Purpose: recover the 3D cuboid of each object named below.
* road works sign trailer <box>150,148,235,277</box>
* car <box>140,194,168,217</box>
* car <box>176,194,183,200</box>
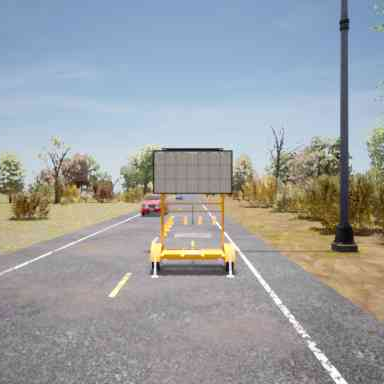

----

Return the data exactly. Pictures stay out.

→ OUTPUT BELOW
Purpose: recover the 3D cuboid of each object named below.
* road works sign trailer <box>150,148,235,277</box>
* car <box>140,194,168,217</box>
* car <box>176,194,183,200</box>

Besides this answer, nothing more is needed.